*** Source data ***
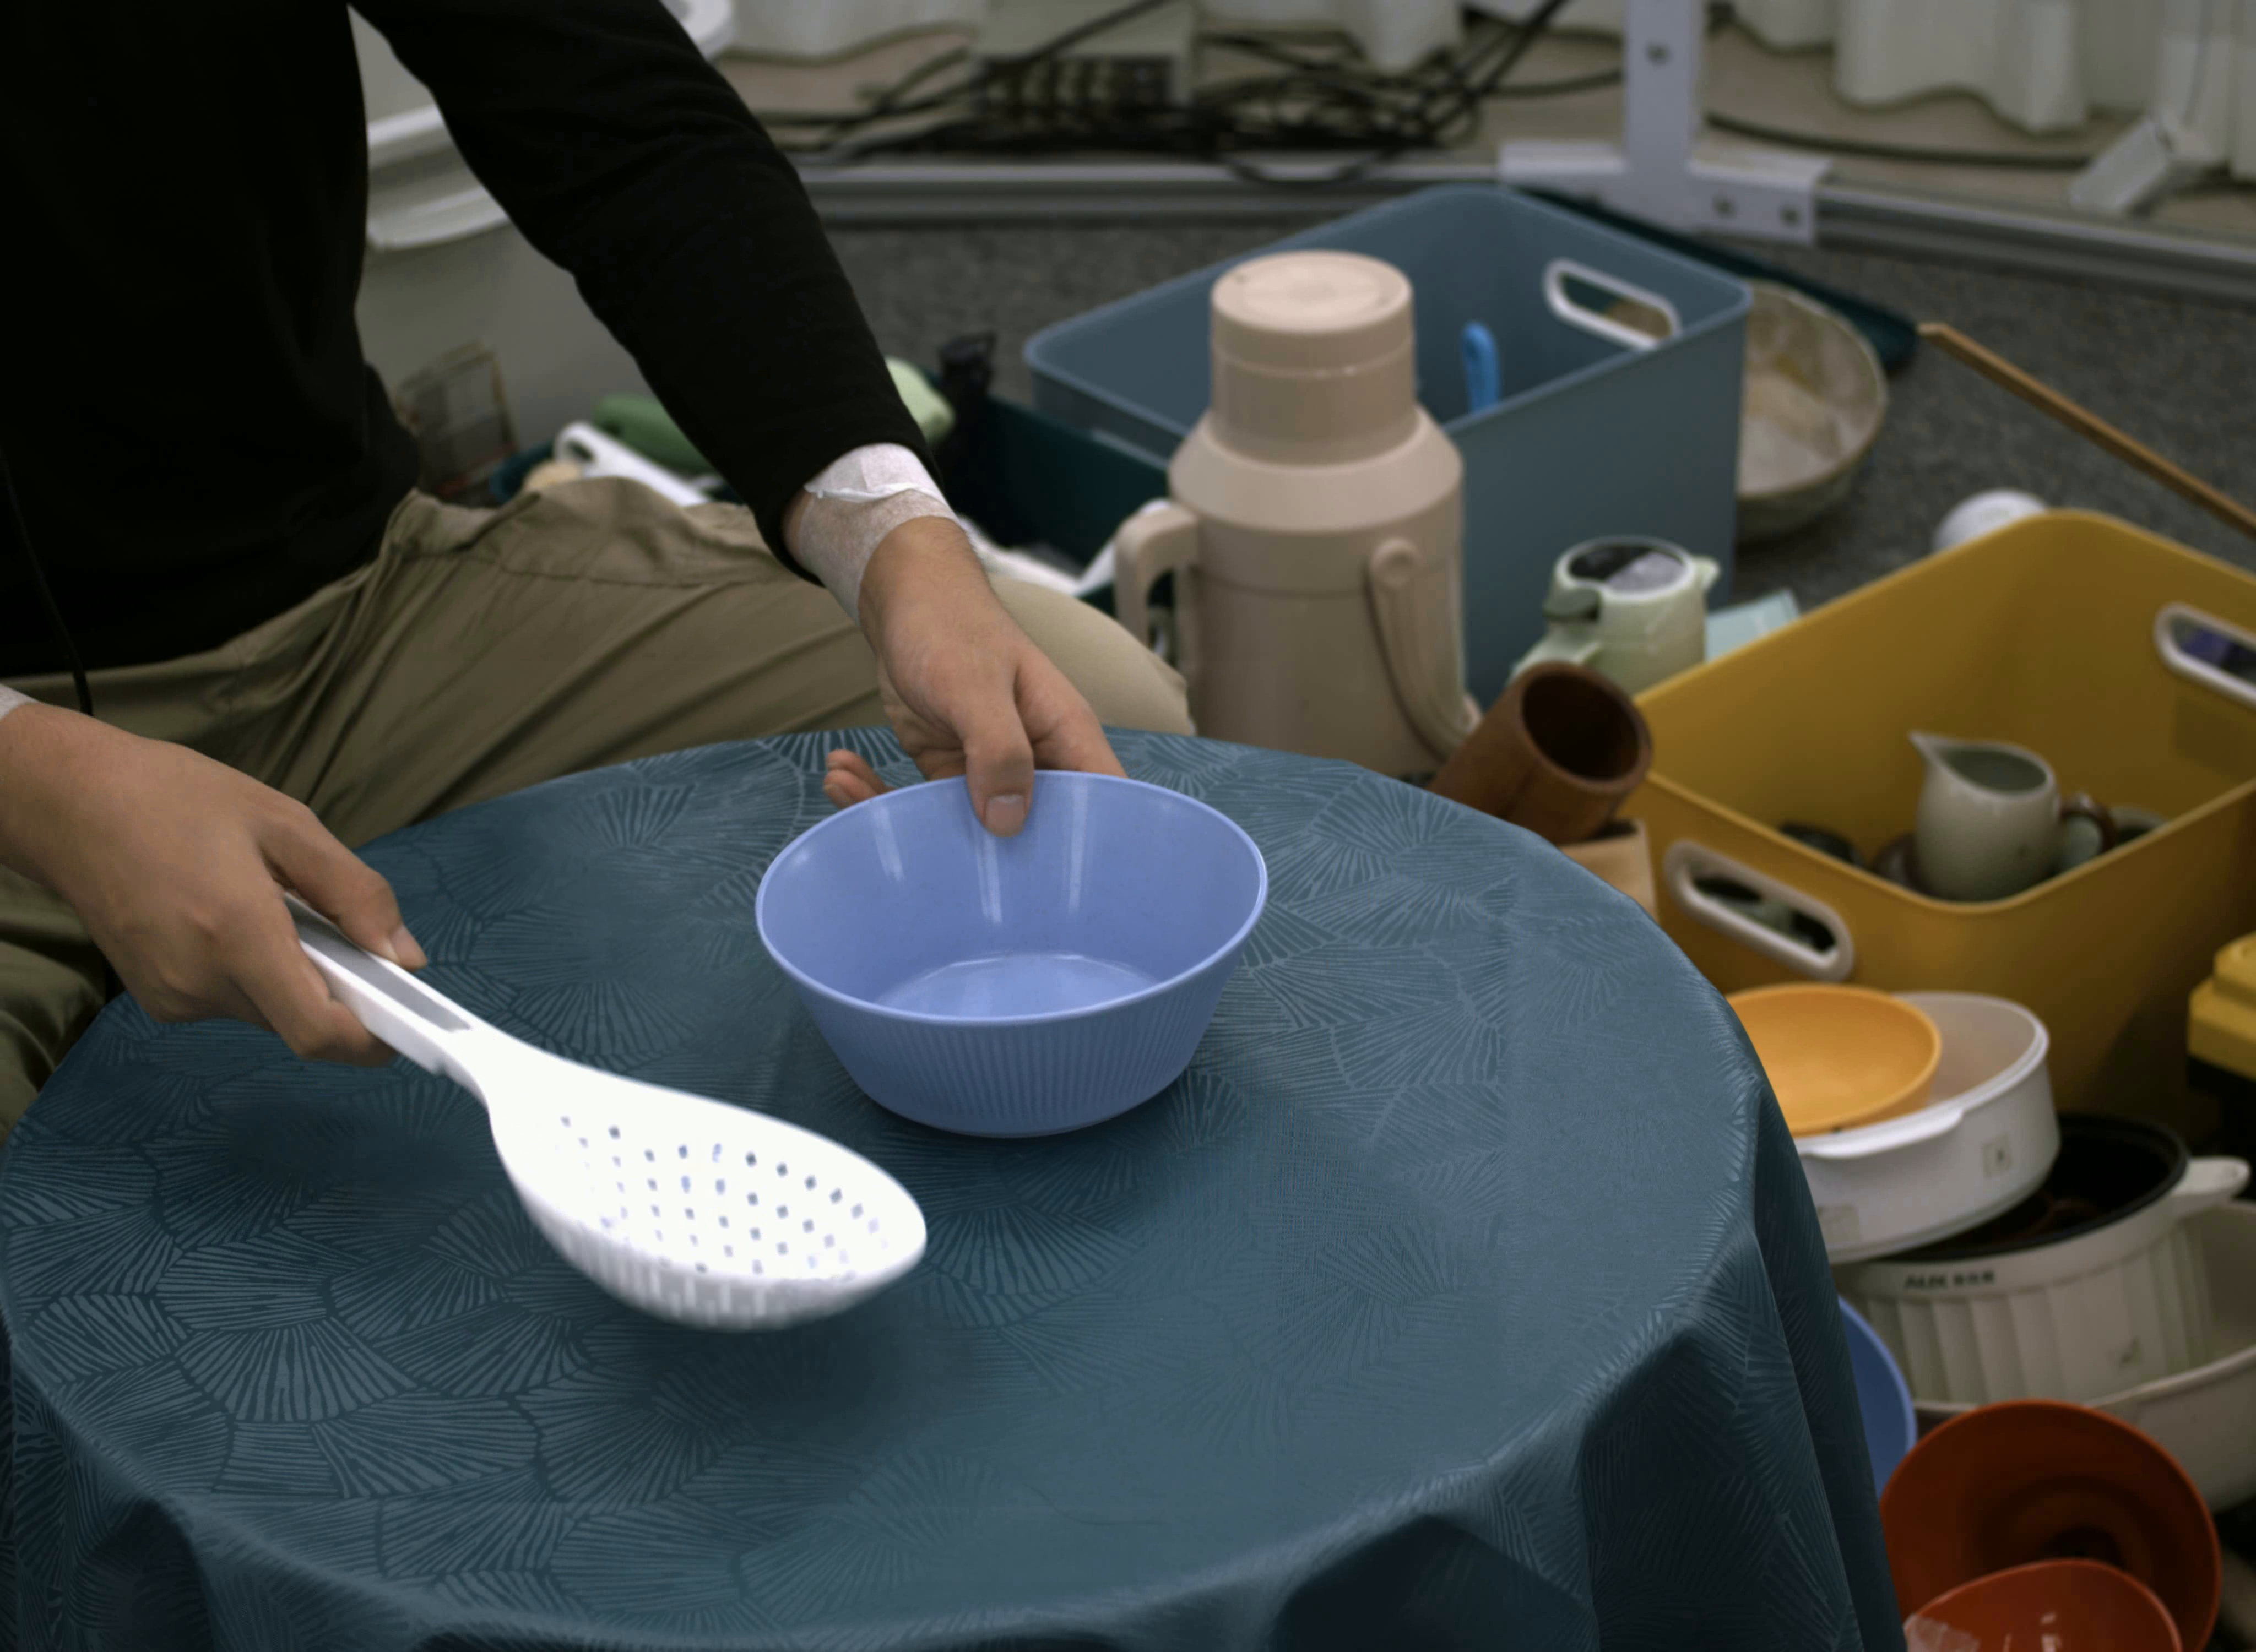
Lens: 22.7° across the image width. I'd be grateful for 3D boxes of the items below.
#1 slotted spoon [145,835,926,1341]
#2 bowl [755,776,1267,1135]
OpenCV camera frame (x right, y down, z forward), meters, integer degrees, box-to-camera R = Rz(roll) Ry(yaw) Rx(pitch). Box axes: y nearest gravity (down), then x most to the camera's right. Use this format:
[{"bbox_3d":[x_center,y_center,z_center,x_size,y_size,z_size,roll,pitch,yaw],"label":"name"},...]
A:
[{"bbox_3d":[-0.206,0.081,1.820,0.351,0.045,0.137,35,27,34],"label":"slotted spoon"},{"bbox_3d":[-0.039,0.050,1.928,0.175,0.069,0.178,-2,26,1],"label":"bowl"}]
*** End of Source data ***
## Goal of the exercise
Could you restate every record above word for word, leaving the pictures out?

## Your response
Lens: 22.7° across the image width. I'd be grateful for 3D boxes of the items below.
#1 slotted spoon [145,835,926,1341]
#2 bowl [755,776,1267,1135]
OpenCV camera frame (x right, y down, z forward), meters, integer degrees, box-to-camera R = Rz(roll) Ry(yaw) Rx(pitch). Box axes: y nearest gravity (down), then x most to the camera's right. Use this format:
[{"bbox_3d":[x_center,y_center,z_center,x_size,y_size,z_size,roll,pitch,yaw],"label":"name"},...]
A:
[{"bbox_3d":[-0.206,0.081,1.820,0.351,0.045,0.137,35,27,34],"label":"slotted spoon"},{"bbox_3d":[-0.039,0.050,1.928,0.175,0.069,0.178,-2,26,1],"label":"bowl"}]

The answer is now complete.